On the program level, there were several central issues that most programs faced: 1) balancing service and learning needs, 2) educational continuity for trainees while mitigating risk exposure, 3) addressing unique physical and mental health needs spurred by the pandemic, as described by colleagues worldwide [9, 10]. Universal efforts such as joint curricular initiatives, leveraging virtual/online learning opportunities, and nimble rotation adjustments were key in maintaining educational continuity. However, when considering exposure mitigation and service vs. teaching balance, program/rotation specific changes were more effective. For example, in some wards, rounds were converted to virtual platforms where residents continued to lead them and follow up on non-patient facing clinical tasks while in-person rounds were limited to attendings.
Though certainly there is no one-size-fits-all solution, there does seem to be a universal observation from our experience: the importance of consistent and frequent forums for convening.
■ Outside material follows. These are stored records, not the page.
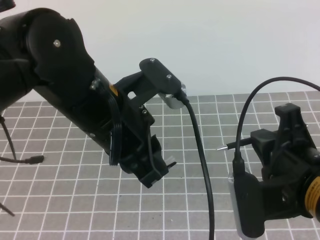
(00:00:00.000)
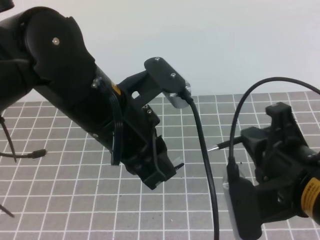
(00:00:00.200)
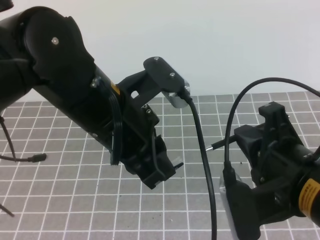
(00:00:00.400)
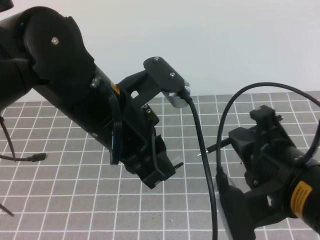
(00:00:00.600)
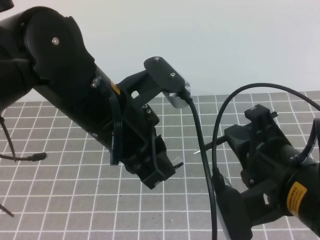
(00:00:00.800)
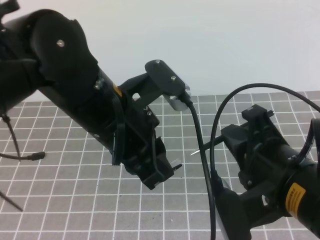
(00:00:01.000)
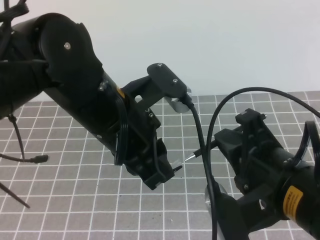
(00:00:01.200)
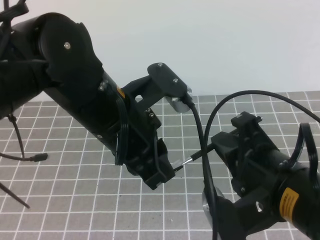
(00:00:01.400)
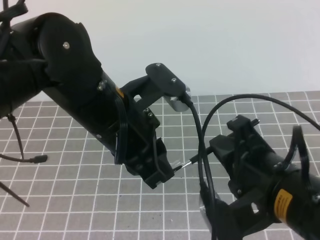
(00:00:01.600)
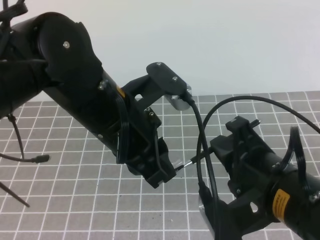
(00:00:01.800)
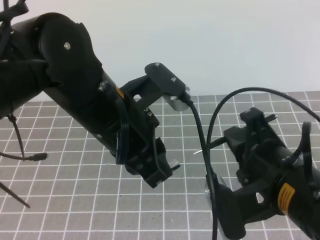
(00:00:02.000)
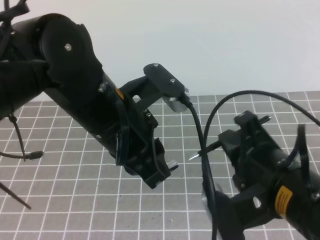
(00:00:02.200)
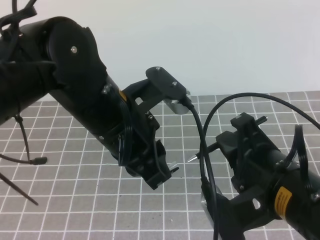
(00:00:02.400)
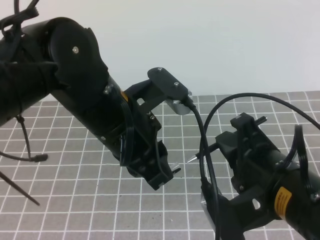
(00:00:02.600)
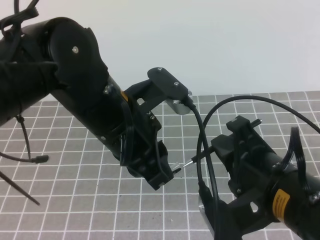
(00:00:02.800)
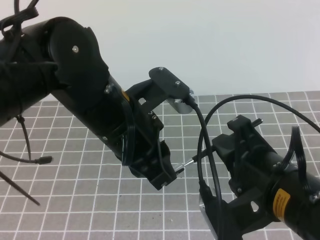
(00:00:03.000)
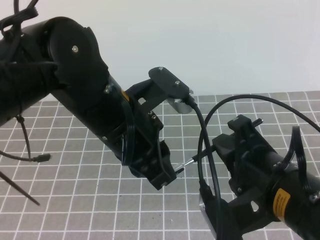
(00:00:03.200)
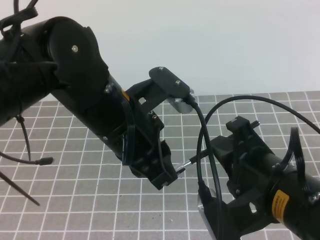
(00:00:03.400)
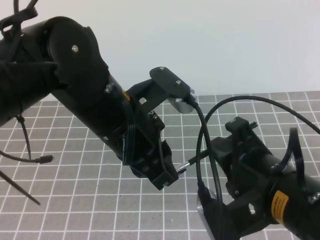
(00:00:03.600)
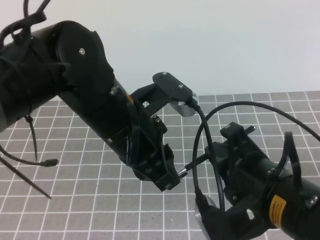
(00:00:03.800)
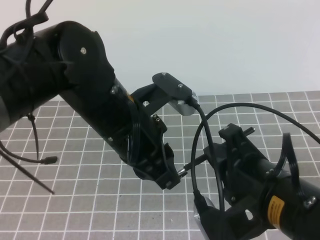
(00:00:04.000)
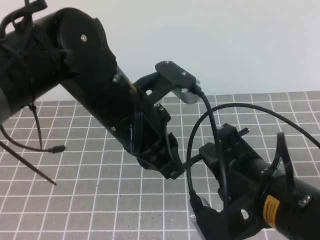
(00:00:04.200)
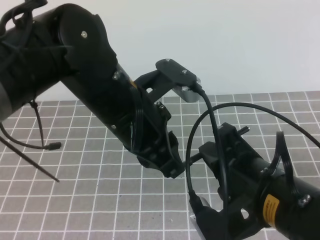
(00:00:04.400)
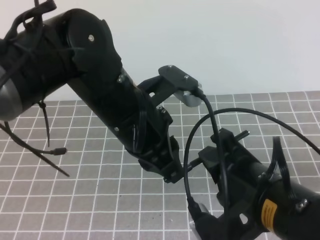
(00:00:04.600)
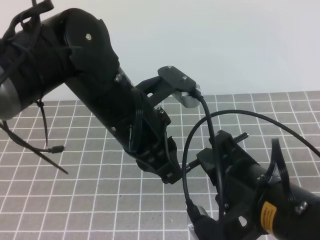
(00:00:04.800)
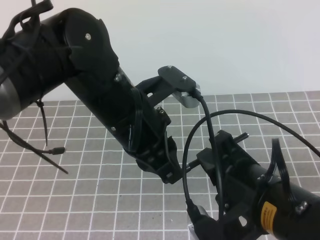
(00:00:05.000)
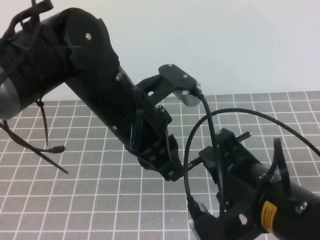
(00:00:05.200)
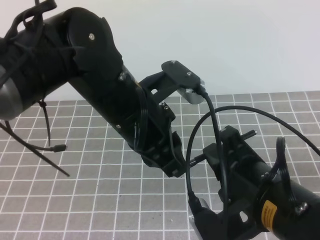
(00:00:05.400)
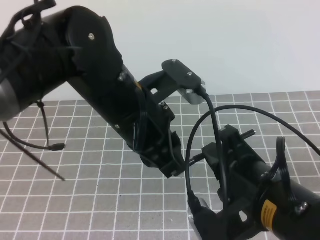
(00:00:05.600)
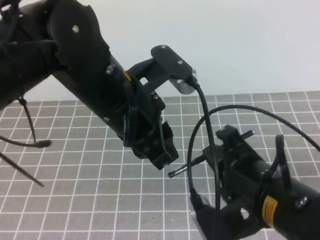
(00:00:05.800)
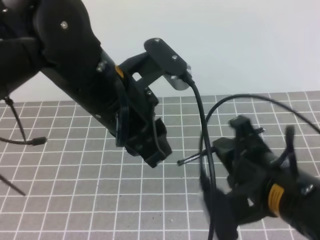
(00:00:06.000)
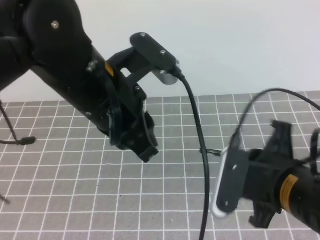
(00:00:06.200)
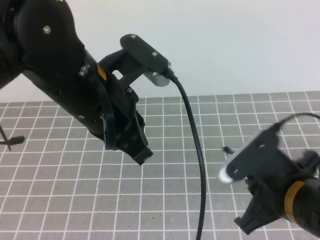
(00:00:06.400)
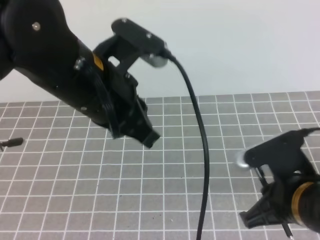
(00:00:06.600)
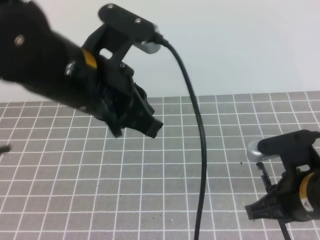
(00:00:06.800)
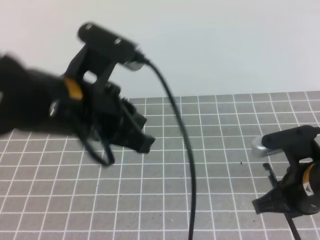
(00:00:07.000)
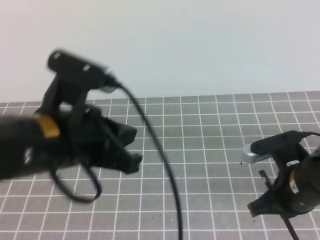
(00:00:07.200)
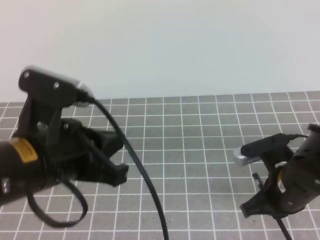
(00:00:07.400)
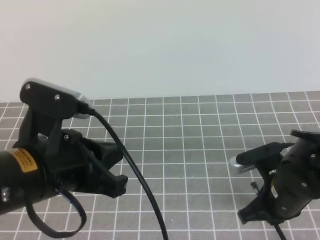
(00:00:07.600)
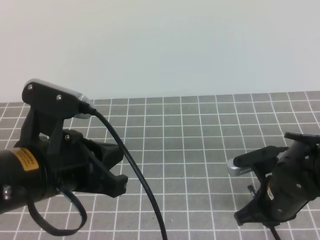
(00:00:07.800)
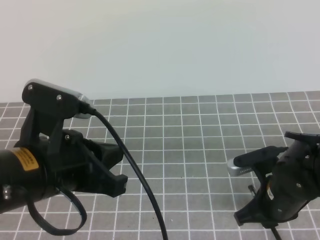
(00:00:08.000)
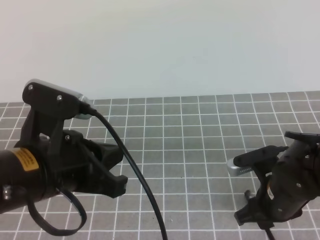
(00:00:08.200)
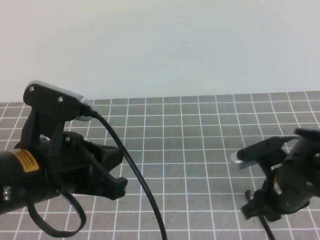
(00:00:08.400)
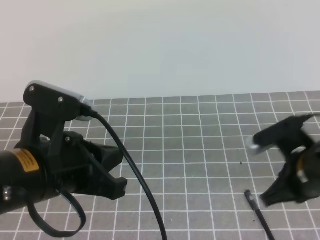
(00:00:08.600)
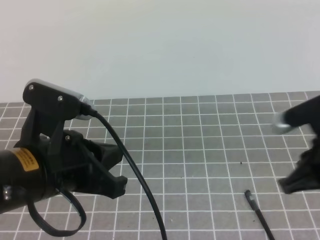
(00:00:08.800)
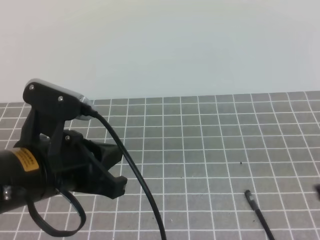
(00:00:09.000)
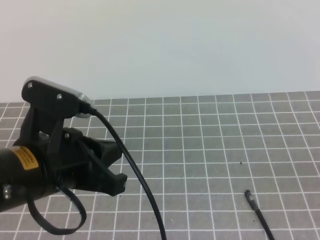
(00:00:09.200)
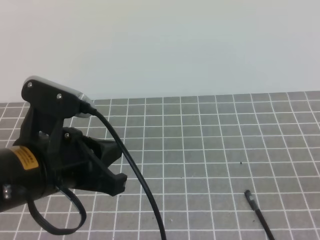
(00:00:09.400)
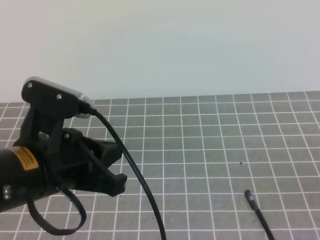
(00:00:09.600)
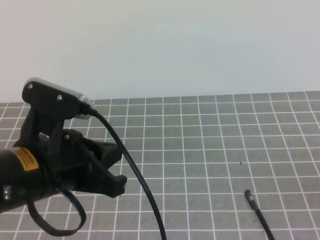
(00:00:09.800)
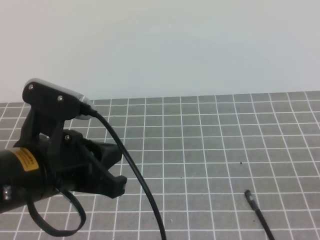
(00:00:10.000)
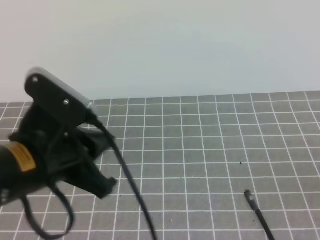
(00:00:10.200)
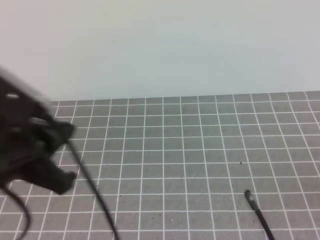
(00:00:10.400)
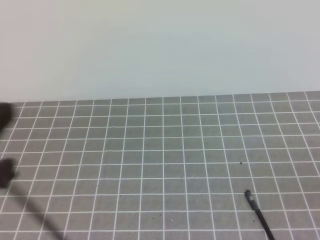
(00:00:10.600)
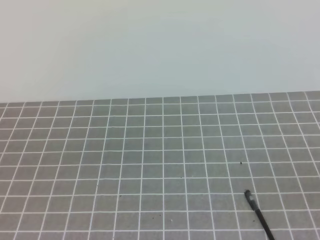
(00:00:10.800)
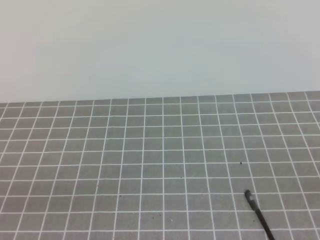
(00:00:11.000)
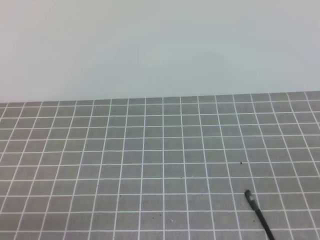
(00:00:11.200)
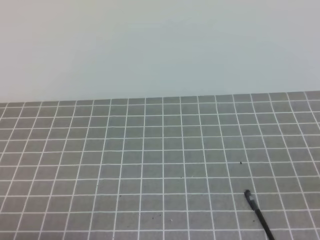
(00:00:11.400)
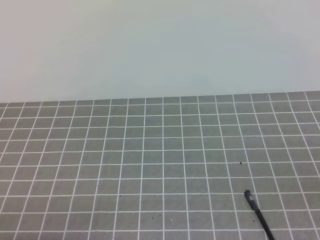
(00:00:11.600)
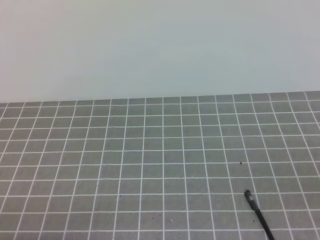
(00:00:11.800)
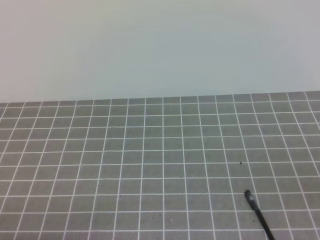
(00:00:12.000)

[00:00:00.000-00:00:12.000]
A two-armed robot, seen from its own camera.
Task of the whole recording: on the grey tablecloth, hold the pen cap in one hand and the pen in the other, then cover the pen cap.
00:00:01.600 to 00:00:03.000: Neither gripper changes place.
00:00:04.400 to 00:00:06.000: The left gripper opens up.
00:00:06.000 to 00:00:07.600: The left gripper shifts roughly 10 cm to the left and backward, and closes. The right gripper is displaced downward and forward by approximately 10 cm.
00:00:07.600 to 00:00:09.000: The right gripper goes about 15 cm upward, backward and to the right, and opens, then closes again.
00:00:09.000 to 00:00:10.400: The right gripper goes about 10 cm to the right, backward and downward. Meanwhile the left gripper ends up approximately 5 cm from where it was.
00:00:10.400 to 00:00:12.000: The left gripper shifts approximately 20 cm downward, backward and to the left.

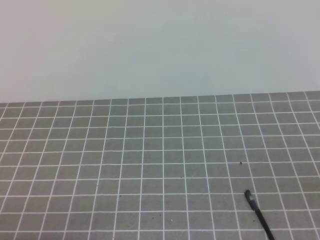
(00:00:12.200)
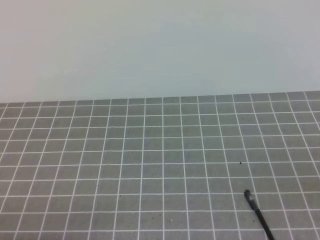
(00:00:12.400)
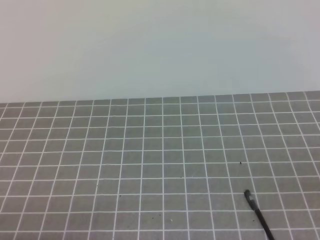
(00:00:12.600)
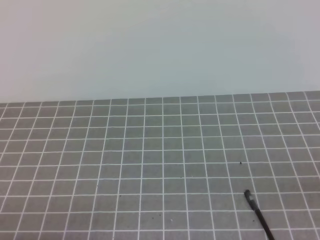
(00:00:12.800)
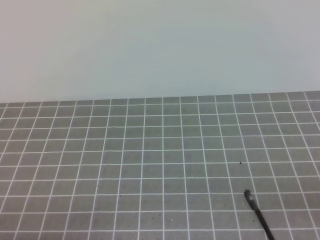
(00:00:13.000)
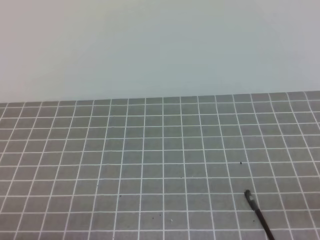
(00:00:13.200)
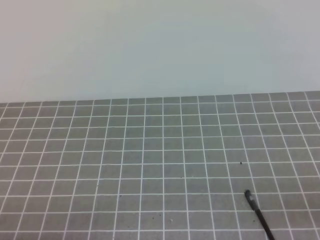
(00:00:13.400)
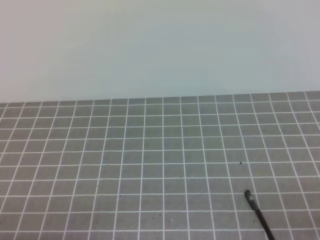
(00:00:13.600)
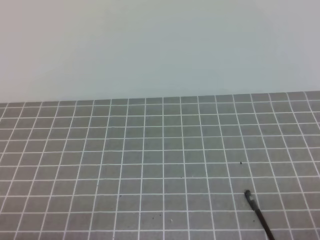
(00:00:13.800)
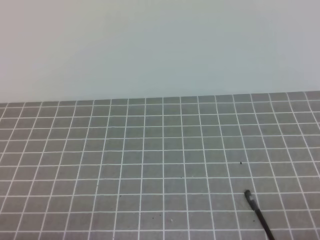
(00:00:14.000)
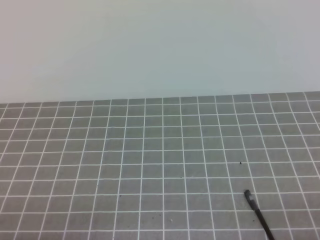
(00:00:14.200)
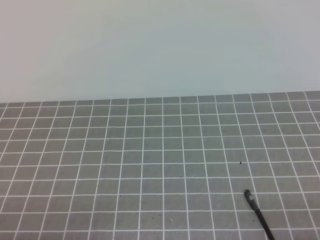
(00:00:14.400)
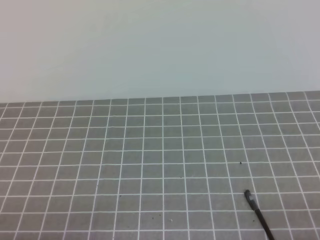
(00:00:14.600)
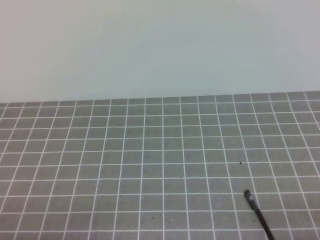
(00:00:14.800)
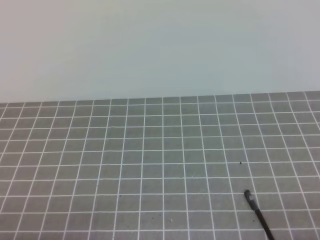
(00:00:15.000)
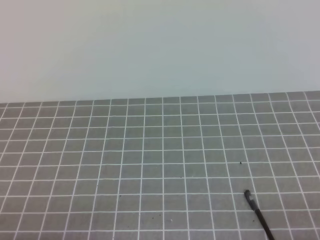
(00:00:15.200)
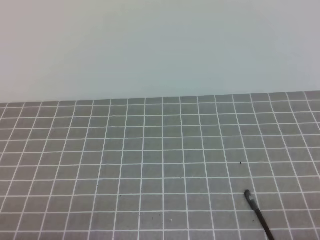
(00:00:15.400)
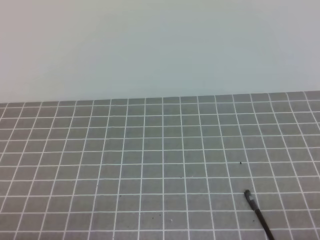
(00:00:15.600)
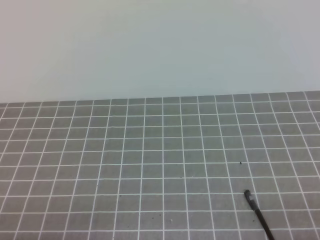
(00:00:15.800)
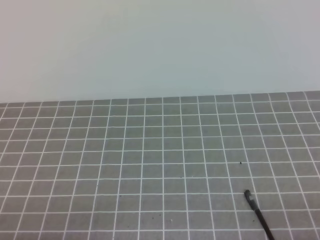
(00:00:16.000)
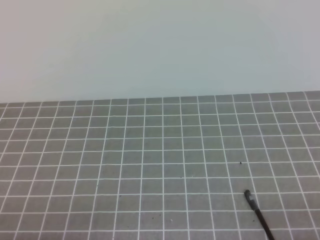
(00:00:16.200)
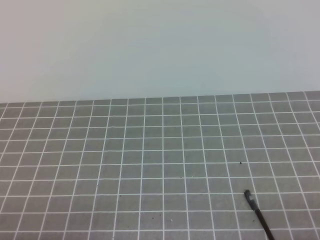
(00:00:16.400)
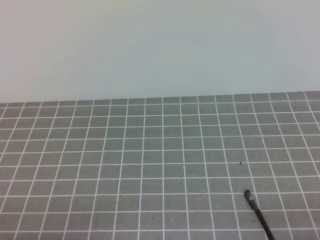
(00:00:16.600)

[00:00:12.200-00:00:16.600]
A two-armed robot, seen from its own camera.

This is supported by recent literature where managing communication and maintaining a sense of community were identified as key components to the successful pandemic response of AMCs [14, 18, 20]. Connecting in person, even if virtually, was critical for both faculty and residents. With faculty, we used the GME committee meetings as the centralized venue for the exchange of ideas across programs and sharing of individual challenges. This served to foster a sense of shared purpose, identify areas for joint efforts, and provided an opportunity to learn from each other. For residents, program directors and the designated institutional official initiated regular group meetings with all residents. These meetings addressed concerns while providing important venues for residents to learn about organization and system level changes (for example, changes in national travel advisories). Anecdotally, residents reported that access to this information via in-person meetings with faculty and peers, even if not relevant to their day-to-day clinical duties, helped ease stress, improve connectedness, and provided a sense of shared experience.
The primary limitation of our framework is that it does not address issues raised by health systems faced with ethical concerns of trainee deployment in the pandemic workforce, [2‐5, 15] as this was not relevant in our context. However, other common ethical considerations such as the significant challenges around balancing service and education demands and issues of learning continuity in pandemic conditions are the focal points of the framework presented [9, 10, 13, 14]. The inability to assess the impact of these interventions on resident performance also presents a challenge. Such information may be best analyzed using modified formative and summative assessment frameworks and high stakes evaluation strategies such as in-training exam performance and board pass rates for cohorts affected by this pandemic. Additionally, we have not yet formally assessed resident satisfaction and perceptions during this time period; however, recent literature from medical trainees aligns with changes suggested by our model [14, 16].